# [TASK GOAL]
Every line from the one with "Offer a terse response. 3." to the one with "Give a very brief answer. 6.78e+09. In", including those two, is to be copied exactly; all other lines of the entries below are left out.

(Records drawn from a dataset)
******************************

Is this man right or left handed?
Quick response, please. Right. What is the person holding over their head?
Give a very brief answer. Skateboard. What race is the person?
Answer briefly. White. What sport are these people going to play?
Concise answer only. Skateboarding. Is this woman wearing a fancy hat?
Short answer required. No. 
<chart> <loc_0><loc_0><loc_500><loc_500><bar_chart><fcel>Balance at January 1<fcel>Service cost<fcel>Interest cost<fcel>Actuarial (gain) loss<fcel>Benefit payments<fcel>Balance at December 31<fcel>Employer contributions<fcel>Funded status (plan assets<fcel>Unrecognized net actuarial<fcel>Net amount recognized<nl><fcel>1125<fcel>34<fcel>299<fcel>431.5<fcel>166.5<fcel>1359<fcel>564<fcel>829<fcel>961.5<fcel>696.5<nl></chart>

******************************

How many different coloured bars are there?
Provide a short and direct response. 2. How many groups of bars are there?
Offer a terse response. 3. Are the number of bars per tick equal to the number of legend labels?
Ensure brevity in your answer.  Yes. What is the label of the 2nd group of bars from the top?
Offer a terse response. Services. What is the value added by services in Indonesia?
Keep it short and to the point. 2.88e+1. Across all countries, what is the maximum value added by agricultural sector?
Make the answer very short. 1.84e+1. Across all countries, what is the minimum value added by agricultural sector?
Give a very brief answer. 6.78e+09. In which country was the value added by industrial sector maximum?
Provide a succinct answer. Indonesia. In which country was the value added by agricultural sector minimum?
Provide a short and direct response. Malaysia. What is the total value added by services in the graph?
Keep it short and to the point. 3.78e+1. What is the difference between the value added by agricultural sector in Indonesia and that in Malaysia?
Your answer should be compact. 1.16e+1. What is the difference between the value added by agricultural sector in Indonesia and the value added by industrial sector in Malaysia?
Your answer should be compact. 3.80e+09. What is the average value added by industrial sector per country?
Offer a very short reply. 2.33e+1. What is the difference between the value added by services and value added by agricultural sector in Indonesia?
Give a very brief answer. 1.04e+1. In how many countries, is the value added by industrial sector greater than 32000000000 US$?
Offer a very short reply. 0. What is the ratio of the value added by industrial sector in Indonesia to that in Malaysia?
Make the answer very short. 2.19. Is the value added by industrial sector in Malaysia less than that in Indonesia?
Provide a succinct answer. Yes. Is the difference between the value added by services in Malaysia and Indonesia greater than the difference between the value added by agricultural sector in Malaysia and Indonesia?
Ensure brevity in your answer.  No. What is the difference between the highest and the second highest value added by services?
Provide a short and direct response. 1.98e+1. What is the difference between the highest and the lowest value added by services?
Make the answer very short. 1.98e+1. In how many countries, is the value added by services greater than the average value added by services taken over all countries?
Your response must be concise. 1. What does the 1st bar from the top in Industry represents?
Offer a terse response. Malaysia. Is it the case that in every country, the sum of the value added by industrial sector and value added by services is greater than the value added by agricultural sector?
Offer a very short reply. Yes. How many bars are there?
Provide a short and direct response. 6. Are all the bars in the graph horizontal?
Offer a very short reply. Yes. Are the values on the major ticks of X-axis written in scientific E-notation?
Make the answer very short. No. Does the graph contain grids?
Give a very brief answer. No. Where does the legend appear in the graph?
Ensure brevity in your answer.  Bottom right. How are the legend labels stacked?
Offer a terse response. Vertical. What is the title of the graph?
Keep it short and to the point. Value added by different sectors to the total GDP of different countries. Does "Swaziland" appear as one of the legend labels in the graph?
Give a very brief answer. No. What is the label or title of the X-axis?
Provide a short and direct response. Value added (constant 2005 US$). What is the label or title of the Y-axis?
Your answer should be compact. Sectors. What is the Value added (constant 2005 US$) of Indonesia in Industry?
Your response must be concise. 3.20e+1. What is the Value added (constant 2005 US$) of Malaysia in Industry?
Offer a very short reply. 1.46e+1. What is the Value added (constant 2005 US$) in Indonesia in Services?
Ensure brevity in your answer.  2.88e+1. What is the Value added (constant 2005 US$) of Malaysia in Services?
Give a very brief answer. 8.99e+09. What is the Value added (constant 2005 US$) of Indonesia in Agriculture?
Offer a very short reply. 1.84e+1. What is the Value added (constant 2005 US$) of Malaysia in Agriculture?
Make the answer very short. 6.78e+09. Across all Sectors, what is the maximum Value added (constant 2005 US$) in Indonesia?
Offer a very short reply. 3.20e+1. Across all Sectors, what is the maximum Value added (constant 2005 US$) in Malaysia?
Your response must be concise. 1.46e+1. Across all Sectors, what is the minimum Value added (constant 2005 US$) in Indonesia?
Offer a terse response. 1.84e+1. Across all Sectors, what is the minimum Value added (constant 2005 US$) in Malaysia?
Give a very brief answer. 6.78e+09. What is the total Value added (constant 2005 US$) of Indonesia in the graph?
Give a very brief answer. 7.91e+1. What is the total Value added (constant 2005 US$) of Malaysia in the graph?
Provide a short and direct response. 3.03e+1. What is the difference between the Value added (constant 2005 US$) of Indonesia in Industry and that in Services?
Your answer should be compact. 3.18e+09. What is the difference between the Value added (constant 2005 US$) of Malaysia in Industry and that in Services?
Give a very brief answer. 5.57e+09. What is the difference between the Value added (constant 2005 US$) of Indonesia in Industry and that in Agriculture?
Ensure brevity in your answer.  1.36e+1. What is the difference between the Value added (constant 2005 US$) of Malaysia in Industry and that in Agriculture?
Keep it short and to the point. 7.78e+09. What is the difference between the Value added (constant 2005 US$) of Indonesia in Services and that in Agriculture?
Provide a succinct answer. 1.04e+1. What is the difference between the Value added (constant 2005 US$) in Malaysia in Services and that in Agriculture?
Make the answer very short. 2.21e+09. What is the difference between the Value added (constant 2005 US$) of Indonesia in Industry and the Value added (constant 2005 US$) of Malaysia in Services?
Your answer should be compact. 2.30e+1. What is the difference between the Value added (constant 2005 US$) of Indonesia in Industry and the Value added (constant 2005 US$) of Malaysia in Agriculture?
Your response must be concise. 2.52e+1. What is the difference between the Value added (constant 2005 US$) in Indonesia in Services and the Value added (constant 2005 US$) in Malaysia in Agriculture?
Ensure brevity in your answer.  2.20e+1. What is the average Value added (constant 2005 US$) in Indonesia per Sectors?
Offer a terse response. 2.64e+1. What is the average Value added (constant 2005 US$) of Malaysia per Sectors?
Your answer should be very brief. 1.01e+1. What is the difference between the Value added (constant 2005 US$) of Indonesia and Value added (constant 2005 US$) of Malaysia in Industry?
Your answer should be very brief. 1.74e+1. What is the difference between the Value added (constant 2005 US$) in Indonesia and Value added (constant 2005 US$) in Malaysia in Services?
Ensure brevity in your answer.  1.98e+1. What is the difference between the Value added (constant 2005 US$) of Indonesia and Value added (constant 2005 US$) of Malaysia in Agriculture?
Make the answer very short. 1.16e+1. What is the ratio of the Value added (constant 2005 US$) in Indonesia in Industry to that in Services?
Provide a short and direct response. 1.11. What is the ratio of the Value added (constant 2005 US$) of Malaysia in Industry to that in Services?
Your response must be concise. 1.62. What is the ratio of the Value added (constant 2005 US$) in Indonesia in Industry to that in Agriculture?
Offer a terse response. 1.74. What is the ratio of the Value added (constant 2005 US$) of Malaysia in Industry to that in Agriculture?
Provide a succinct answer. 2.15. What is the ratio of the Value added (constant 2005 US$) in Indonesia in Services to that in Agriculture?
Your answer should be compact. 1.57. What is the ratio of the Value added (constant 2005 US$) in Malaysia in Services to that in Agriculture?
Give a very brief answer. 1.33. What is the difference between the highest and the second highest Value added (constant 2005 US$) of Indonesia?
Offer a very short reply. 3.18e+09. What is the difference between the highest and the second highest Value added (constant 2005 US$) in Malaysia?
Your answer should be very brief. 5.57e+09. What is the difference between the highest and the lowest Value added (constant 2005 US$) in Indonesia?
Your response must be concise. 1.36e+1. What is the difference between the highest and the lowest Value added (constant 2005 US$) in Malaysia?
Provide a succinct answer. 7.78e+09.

******************************

# [WRITTEN RESPONSE]
Offer a terse response. 3. Are the number of bars per tick equal to the number of legend labels?
Ensure brevity in your answer.  Yes. What is the label of the 2nd group of bars from the top?
Offer a terse response. Services. What is the value added by services in Indonesia?
Keep it short and to the point. 2.88e+1. Across all countries, what is the maximum value added by agricultural sector?
Make the answer very short. 1.84e+1. Across all countries, what is the minimum value added by agricultural sector?
Give a very brief answer. 6.78e+09. In which country was the value added by industrial sector maximum?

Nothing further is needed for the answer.